Your job is to return every line in the data holding the string "items".

_EXERCISE DATA_:
──────
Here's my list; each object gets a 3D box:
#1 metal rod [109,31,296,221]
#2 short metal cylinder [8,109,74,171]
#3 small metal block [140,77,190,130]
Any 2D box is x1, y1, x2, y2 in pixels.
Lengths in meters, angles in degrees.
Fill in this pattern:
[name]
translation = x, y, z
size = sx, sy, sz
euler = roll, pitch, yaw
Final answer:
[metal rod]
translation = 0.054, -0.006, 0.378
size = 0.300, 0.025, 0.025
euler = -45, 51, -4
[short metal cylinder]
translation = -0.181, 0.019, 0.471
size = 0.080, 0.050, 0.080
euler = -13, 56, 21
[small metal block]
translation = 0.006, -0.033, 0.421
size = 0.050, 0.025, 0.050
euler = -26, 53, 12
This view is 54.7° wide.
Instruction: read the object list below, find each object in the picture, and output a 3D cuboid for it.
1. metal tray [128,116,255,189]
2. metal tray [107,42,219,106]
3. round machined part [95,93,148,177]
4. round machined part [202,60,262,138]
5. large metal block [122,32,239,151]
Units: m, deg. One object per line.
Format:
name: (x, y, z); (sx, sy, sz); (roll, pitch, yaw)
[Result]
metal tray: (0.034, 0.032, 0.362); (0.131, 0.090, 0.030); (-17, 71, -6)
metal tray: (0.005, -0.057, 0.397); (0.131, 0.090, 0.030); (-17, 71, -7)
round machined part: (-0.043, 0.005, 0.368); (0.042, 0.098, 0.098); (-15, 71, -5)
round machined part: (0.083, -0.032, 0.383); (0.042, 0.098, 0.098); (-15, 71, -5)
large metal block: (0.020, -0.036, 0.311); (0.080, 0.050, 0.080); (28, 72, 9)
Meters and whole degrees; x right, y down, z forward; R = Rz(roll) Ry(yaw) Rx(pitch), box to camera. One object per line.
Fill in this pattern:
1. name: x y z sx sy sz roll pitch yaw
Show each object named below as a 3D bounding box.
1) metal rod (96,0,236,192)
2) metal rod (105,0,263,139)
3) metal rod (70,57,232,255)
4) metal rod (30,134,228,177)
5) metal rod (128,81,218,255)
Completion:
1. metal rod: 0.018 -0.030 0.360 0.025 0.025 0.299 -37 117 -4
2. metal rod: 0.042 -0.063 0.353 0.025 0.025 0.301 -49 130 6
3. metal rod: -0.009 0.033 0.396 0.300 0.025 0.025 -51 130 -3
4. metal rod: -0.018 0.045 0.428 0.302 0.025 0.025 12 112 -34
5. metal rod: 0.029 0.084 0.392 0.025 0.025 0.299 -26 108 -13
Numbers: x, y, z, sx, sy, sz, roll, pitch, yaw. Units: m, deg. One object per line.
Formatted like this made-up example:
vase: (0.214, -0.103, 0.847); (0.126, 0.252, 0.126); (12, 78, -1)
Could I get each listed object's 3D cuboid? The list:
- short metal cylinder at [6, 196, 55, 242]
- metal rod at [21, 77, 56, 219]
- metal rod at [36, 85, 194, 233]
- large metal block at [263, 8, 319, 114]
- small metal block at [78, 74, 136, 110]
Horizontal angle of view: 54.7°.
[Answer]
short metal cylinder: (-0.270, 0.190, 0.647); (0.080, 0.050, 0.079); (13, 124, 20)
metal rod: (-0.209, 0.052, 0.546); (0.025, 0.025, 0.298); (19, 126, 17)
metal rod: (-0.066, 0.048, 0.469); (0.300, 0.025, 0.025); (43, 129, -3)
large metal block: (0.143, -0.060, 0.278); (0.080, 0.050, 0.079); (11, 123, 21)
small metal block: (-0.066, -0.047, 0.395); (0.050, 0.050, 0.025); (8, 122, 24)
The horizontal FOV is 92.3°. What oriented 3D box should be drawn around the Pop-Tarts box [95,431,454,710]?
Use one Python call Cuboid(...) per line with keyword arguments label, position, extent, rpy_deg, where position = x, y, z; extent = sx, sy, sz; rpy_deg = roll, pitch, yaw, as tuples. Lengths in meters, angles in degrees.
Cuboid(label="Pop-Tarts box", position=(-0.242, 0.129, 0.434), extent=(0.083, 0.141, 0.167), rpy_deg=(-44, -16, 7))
──────
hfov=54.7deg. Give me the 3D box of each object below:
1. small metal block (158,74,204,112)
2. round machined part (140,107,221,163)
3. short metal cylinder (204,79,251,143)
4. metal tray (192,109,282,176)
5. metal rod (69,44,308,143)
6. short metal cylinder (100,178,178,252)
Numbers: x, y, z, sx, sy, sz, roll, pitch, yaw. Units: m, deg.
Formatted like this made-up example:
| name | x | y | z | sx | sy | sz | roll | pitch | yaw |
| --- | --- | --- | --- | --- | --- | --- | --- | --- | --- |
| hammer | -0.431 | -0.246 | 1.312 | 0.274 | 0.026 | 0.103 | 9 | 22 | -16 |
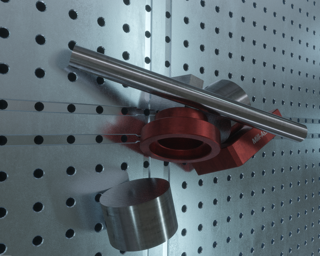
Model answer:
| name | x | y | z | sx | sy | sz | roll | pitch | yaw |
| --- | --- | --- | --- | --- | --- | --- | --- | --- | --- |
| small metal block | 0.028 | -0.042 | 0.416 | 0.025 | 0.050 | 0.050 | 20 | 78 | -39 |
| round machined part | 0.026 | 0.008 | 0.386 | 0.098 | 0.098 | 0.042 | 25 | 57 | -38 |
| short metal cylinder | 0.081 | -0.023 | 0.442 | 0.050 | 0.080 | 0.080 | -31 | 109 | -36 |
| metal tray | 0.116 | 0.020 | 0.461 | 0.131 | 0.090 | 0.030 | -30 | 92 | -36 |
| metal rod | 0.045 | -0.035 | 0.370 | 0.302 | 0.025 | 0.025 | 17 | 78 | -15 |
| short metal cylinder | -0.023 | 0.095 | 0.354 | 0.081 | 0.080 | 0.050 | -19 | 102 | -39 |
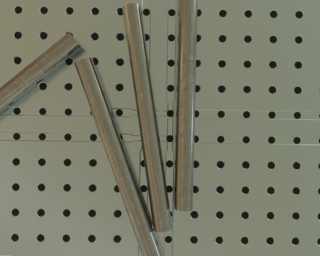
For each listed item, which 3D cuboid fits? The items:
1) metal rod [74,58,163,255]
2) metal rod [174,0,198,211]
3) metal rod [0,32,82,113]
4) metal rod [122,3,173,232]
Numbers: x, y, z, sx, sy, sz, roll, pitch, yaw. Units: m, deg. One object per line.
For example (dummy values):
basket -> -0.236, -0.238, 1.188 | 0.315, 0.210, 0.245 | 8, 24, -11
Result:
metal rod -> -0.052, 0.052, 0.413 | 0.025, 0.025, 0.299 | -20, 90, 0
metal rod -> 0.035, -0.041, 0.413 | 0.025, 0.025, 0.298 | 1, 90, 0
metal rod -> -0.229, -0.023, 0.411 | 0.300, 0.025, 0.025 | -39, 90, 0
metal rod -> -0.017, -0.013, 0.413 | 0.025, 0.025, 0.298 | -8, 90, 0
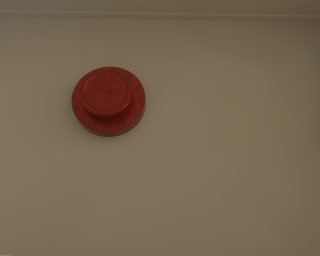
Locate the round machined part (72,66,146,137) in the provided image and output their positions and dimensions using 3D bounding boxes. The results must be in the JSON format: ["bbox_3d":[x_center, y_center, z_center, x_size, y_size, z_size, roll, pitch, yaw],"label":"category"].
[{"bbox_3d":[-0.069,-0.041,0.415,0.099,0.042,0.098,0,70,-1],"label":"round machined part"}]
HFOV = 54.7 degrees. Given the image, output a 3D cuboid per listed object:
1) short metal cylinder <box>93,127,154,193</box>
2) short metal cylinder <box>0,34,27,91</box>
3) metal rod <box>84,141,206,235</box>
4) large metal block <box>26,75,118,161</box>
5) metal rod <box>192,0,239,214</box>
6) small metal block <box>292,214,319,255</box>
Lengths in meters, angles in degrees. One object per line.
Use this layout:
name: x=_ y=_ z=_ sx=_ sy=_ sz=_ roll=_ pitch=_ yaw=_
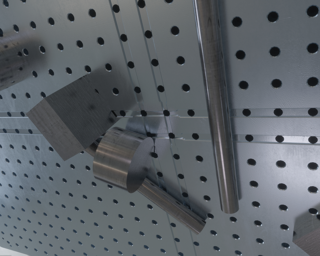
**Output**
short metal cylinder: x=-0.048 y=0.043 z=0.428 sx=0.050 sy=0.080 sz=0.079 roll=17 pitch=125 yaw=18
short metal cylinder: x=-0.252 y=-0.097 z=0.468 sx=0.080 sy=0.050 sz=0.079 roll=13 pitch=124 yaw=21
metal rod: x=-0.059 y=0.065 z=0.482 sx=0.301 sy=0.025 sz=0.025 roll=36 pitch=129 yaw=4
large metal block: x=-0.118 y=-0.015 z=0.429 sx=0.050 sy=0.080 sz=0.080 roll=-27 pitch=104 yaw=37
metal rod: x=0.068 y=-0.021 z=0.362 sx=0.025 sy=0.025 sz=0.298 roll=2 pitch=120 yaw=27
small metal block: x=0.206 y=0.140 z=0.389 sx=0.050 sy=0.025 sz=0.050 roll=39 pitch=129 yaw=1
──────
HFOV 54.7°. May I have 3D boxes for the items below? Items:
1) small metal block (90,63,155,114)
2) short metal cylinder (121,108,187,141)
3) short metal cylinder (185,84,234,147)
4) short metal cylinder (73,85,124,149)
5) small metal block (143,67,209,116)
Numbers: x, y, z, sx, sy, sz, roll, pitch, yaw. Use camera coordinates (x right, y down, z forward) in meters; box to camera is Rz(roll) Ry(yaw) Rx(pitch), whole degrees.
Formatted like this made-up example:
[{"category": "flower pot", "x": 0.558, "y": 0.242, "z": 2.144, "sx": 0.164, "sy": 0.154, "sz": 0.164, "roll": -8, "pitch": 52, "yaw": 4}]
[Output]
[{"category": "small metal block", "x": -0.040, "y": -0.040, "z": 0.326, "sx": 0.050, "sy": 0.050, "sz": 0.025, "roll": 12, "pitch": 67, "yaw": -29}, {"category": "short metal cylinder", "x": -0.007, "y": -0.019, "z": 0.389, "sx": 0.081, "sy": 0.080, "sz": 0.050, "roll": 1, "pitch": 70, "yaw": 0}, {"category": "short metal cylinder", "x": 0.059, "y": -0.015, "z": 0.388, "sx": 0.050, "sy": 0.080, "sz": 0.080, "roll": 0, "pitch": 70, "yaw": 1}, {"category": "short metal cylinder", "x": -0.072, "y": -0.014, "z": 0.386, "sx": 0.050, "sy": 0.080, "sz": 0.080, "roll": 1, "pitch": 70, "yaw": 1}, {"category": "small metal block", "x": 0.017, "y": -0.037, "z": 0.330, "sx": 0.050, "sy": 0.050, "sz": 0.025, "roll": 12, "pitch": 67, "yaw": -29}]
──────
_EXPECTED ANSWER_:
For each listed item, which 3D cuboid fits? The items:
HFOV 54.7°. May I have 3D boxes for the items below? Items:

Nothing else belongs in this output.